Very few medical terms are single words. In "The developmental lineage classification and taxonomy of neoplasms" there are 102,271 unique terms for neoplasms. All but 252 of these terms are multi-word terms [see Additional file 1] [see Additional file 2][1]. Of the 252 singletons, all but 34 are names of specific tumors ending in the suffix, "oma." "Oma" is short for "tumor." Single-word names of tumors ending in "oma" can be thought of as doublets with the first and second words fused together (i.e. osteoblastoma is "osteoblast" + "oma"). Some examples of "oma" terms are: acanthoma, adamantinoma, adenofibroma, adenomyoepithelioma, adenomyoma, adenosarcoma, ameloblastoma, etc.) In the entire taxonomy, there are only 34 singletons that do not end in "oma." These are, "acrochordon, carcinoid, cyst, dermoid, dip-nech, dipnech, erythroleukemia, fibroid, histiocytosis, leucaemia, leukaemia, leukemia, macroglobulinemia, mastocytosis, milia, milium, myelodysplasia, naevus, neuronevus, nevus, parapsoriasis, pre-leukaemia, pre-leukemia, precancer, preleukemia, premalignancy, preneoplasia, tylosis, verruca, verrucae, and wart". These singletons represent a mere 34/102,271 or 0.0003 of the neoplasm terminology.

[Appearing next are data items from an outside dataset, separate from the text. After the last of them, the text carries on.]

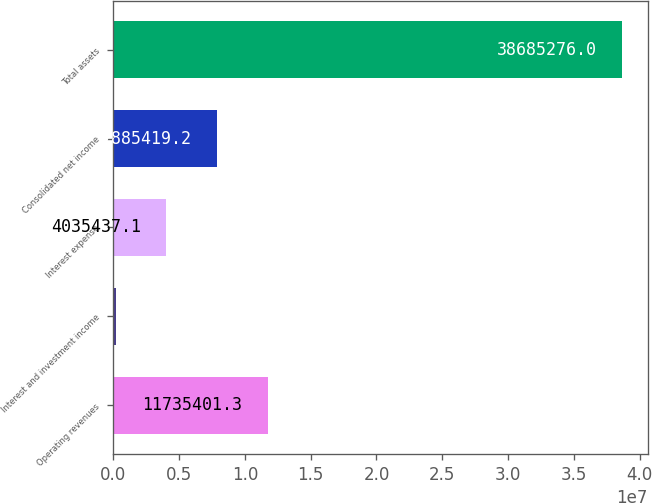Convert chart. <chart><loc_0><loc_0><loc_500><loc_500><bar_chart><fcel>Operating revenues<fcel>Interest and investment income<fcel>Interest expense<fcel>Consolidated net income<fcel>Total assets<nl><fcel>1.17354e+07<fcel>185455<fcel>4.03544e+06<fcel>7.88542e+06<fcel>3.86853e+07<nl></chart> 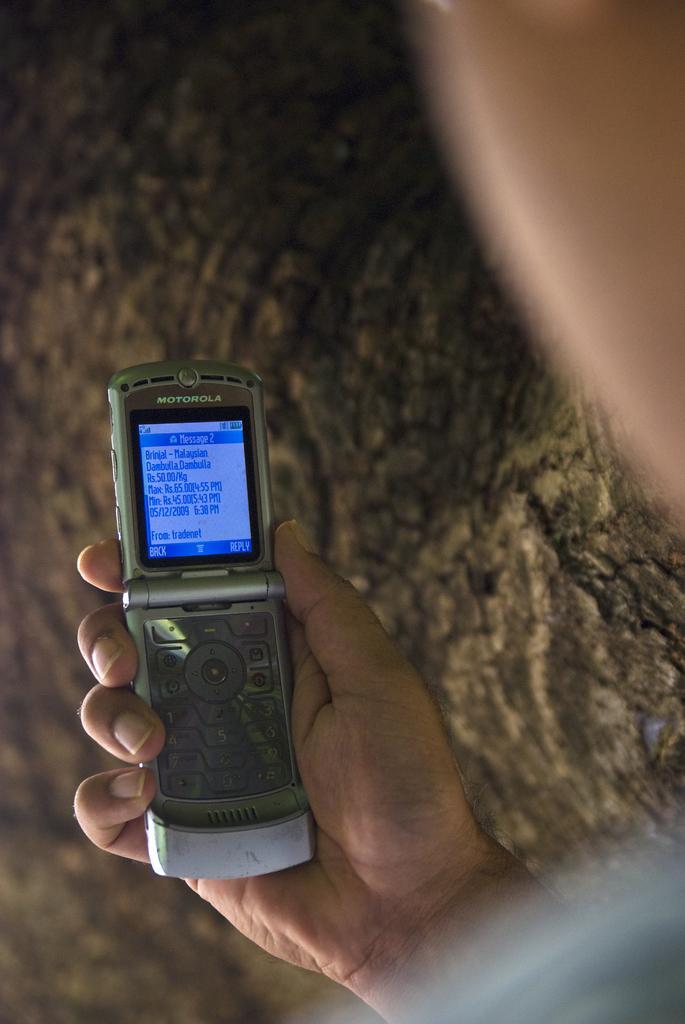Please provide a concise description of this image. In the background there is a tree. On the right side of the image there is a man and he is holding a mobile phone in his hand. There is a text on the mobile phone screen. 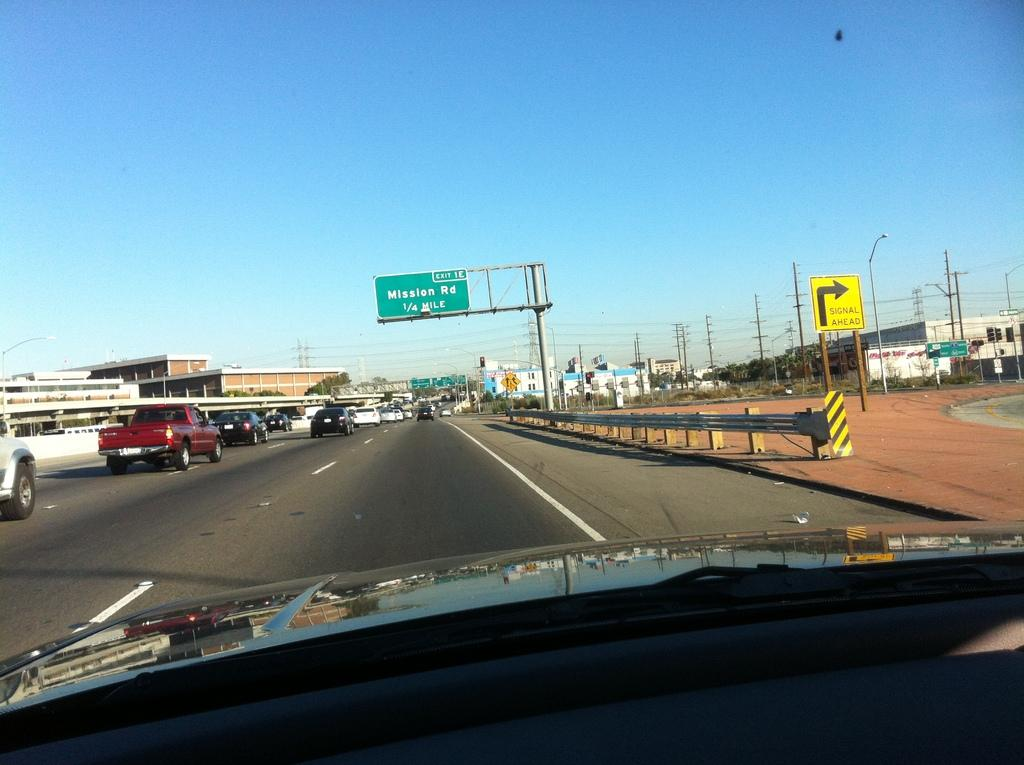What is the perspective of the image? The image is an outside view from a car. What can be seen on the road in the image? There are vehicles parked on the road. What type of structures are visible in the image? There are buildings visible in the image. How many children are playing in the image? There are no children present in the image. What type of adjustment is being made to the car in the image? There is no adjustment being made to the car in the image; it is simply an outside view from the car. 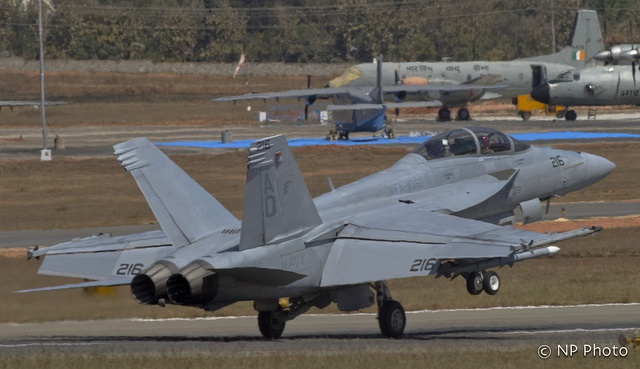Describe the objects in this image and their specific colors. I can see airplane in gray and black tones, airplane in gray, darkgray, and black tones, airplane in gray, black, darkgray, and lightgray tones, airplane in gray and black tones, and people in gray, black, and purple tones in this image.

Medical autocoding can be considered a specialized form of machine translation. Medical autocoders transform text into an index of coded nomenclature terms (sometimes called a "concept index" or "concept signature"). Several innovative approaches to autocoding have used the higher information content of multiword terms (also called word n-grams) to match terms in text with terms in vocabularies or to enhance the content of vocabularies by identifying n-grams occurring in text that qualify as new nomenclature terms [2–4]. Unlike prior studies with n-grams, the method developed for this study does not use statistical inferencing or the information content of bi-grams to infer semantic meaning from natural language. The author has used the higher term specificity of doublets [bi-grams] to construct a simple and fast lexical parser. Lexical parsers are types of string-matching algorithms. In general, the overall speed of lexical parsers is determined by the speed with which the parser can prepare an array of all possible words and phrases contained in a block of text, coupled with the speed with which each of these phrases can be compared against all the terms in the nomenclature.
The purpose of this paper is to describe a novel algorithm for autocoding based on finding runs of word-doublets that match a list of doublets extracted from a medical nomenclature. Using the same hardware and the same nomenclature, the speed and accuracy of the doublet method can be compared with another fast lexical parser.